Buoy Beer is one of seven Oregon breweries that have so far joined Oregon Beverage Recycling Cooperative’s BottleDrop Refill program, launched this year. Members in the program take on standardized, refillable 500- and 375-milliliter bottles made by Owens-Illinois Glass Plant in northeast Portland to last through at least 25 uses.

Dave Kroening, general manager of Buoy Beer, said the company recently started sending shipments of the refillable bottles to Clatsop Distributing and expects to see them on shelves in the next couple of weeks around Oregon and southwest Washington state.

The quickly growing brewery previously used a third-party mobile bottling line and supply of bottles. When it was looking to buy its own bottling line, the recycling collective reached out, Kroening said.
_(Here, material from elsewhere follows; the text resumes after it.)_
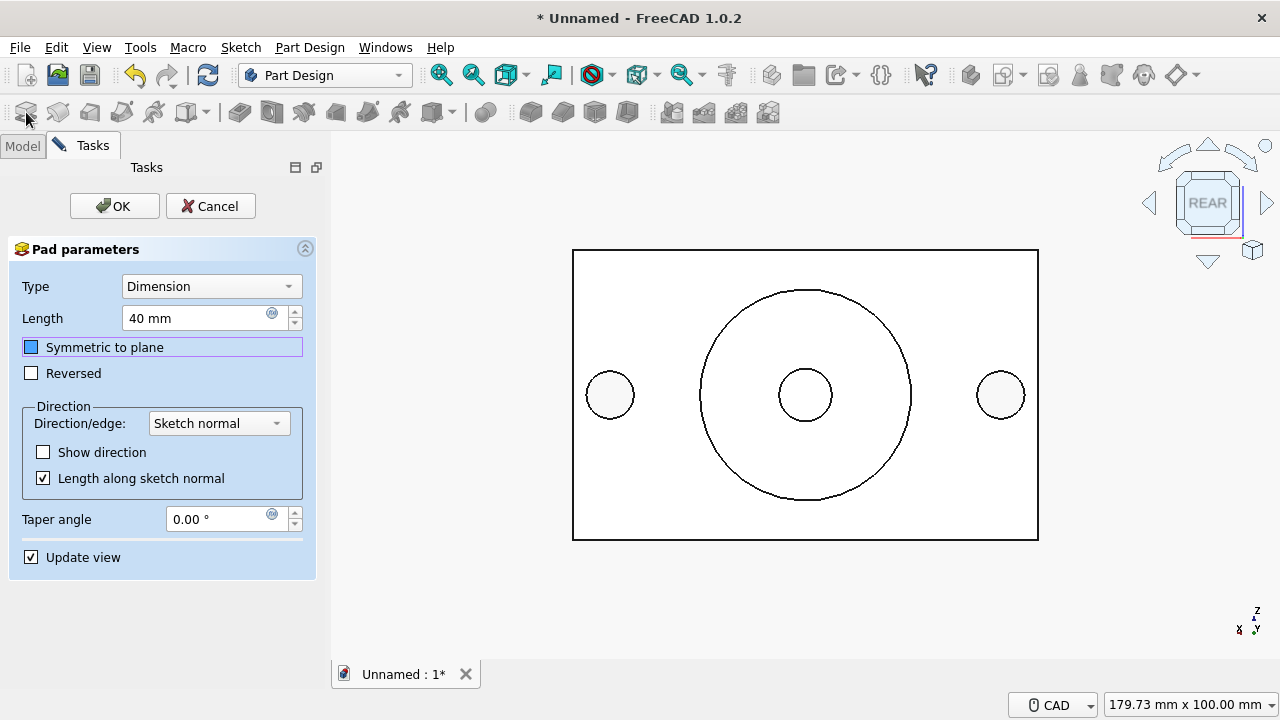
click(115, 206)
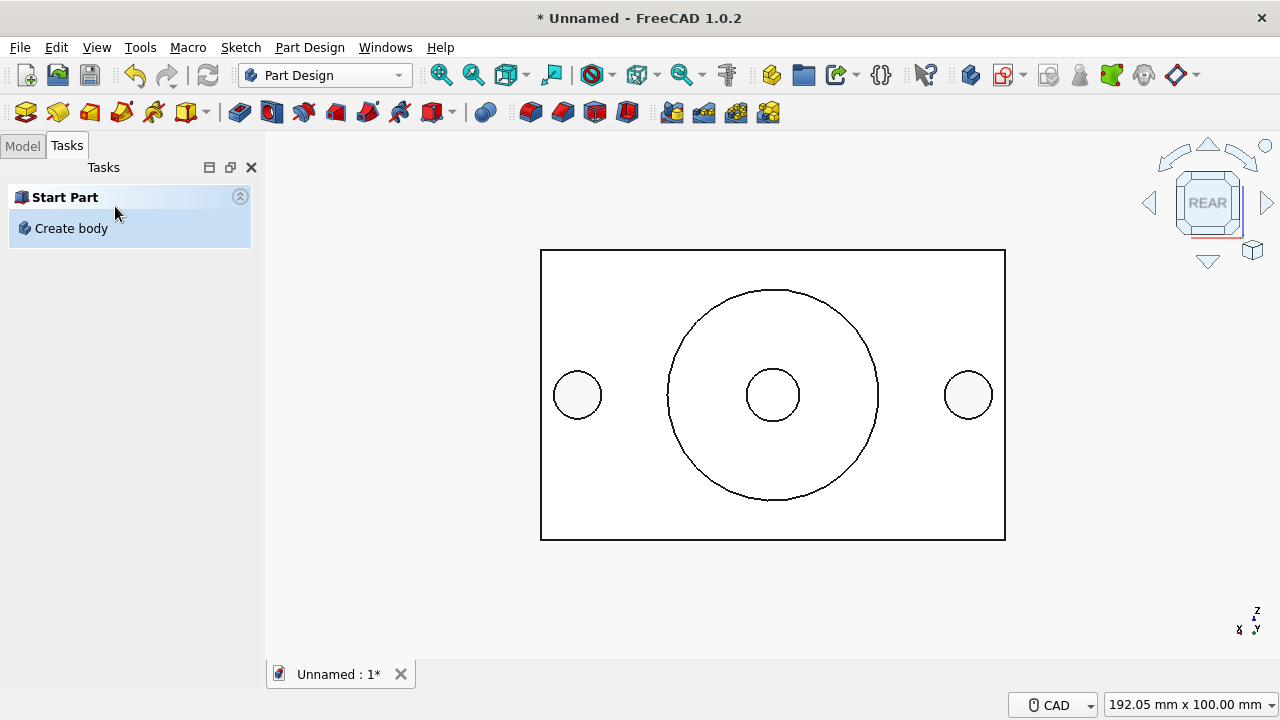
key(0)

While Buoy will still can its beers, its entire bottling line has been designed around the refillable containers.

“The entire program made way too much sense not to pursue,” he said. “It’s really exciting being able to reduce our waste by switching to a package (with) a way better carbon and energy footprint than new glass bottles.”
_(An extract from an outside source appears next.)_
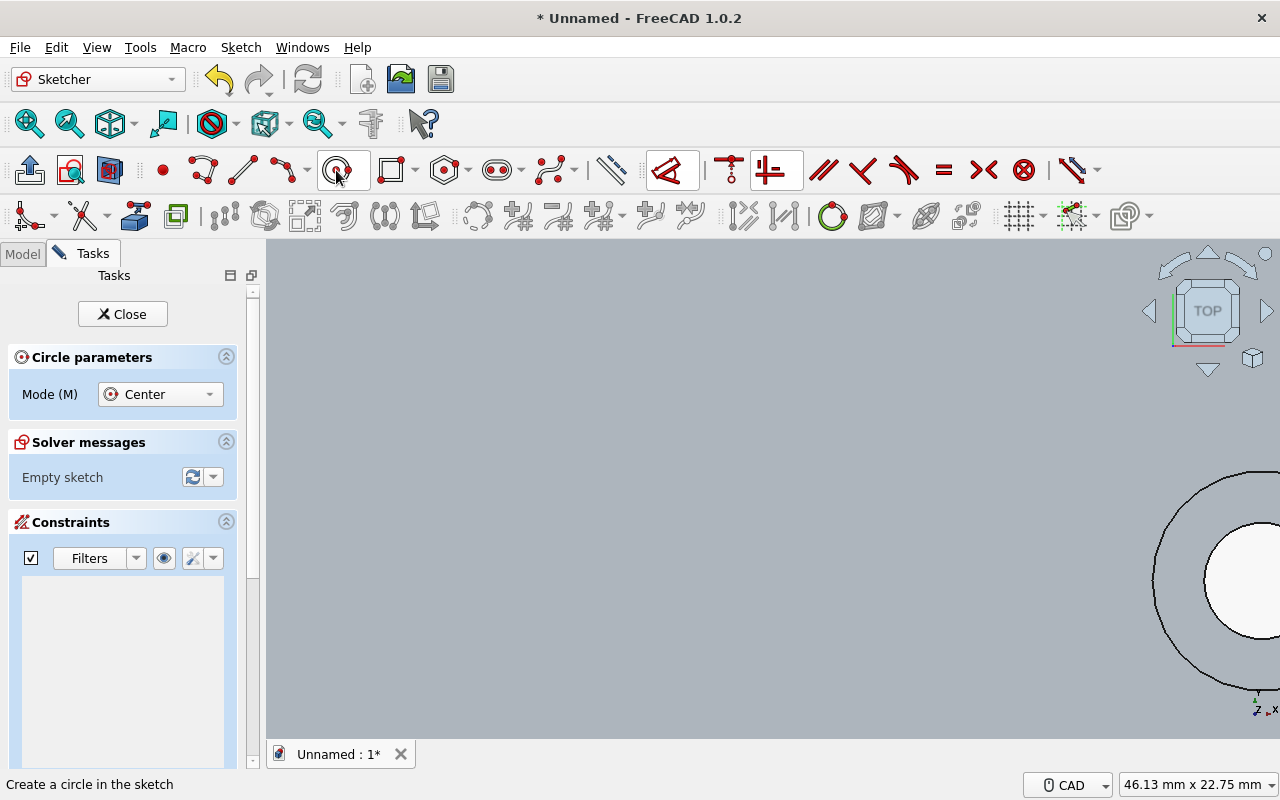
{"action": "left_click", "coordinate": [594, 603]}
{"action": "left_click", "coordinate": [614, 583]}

Joel Schoening, a spokesperson for the collective, said the program is an effort to bring consumers back to a time when milk, beer and many other items came in refillable containers. Refillable bottles still represent about 60 percent of Owens-Illinois’ market in Latin America and 35 percent in Western Europe.

“Research shows that on an average container of beer a consumer takes home, the bottle is 40 percent of the environmental impact of the beer,” Schoening said. “We’re billing this as the most sustainable choice in the beer aisle.”

Bottles recycled locally are usually crushed in the redemption machine, sorted in Portland by color, crushed further at Owens-Illinois’ plant into cullet, melted at 3,000 degrees Fahrenheit with new material and turned into new containers.

The company has estimated that making and shipping a new glass bottle requires more than 0.1 kilograms of carbon dioxide on average. The impact is even lower than the 0.4 kilograms of carbon dioxide per container the company estimates is required to create and ship new cans.

“A lot of people are looking at cans as an environmental option, but the metal gets shipped to Alabama for smelting,” Schoening said.

Owens-Illinois estimates the carbon footprint of each refillable bottle at .006 kilograms of carbon dioxide after 30 uses. The bottles, made from about 70 percent recycled glass, are taken to the collective’s sorting facility and shipped to Missoula, Montana-based Bayern Brewing, another participant in the BottleDrop Refill program and the closest brewery with a suitable bottle-washing machine. The cleaned bottles are shipped back to Oregon and sold to breweries at a market-based rate.

“There’s definitely a higher cost to start out, especially being the first ones to put them on the shelves,” Kroening said of buying the new bottles. “The actual cost we think is going to be worth it because of the sustainability of the bottle.”

Widmer Brothers, Gigantic, GoodLife, Double Mountain, Wild Ride and Rock Bottom breweries are all taking part with Buoy to varying degrees. The hope is that as more breweries come online, and as bottles are recirculated, the economy of scale will help drive the price down, Schoening said.

The collective anticipates opening its own washing station in the Portland metro area in 2020.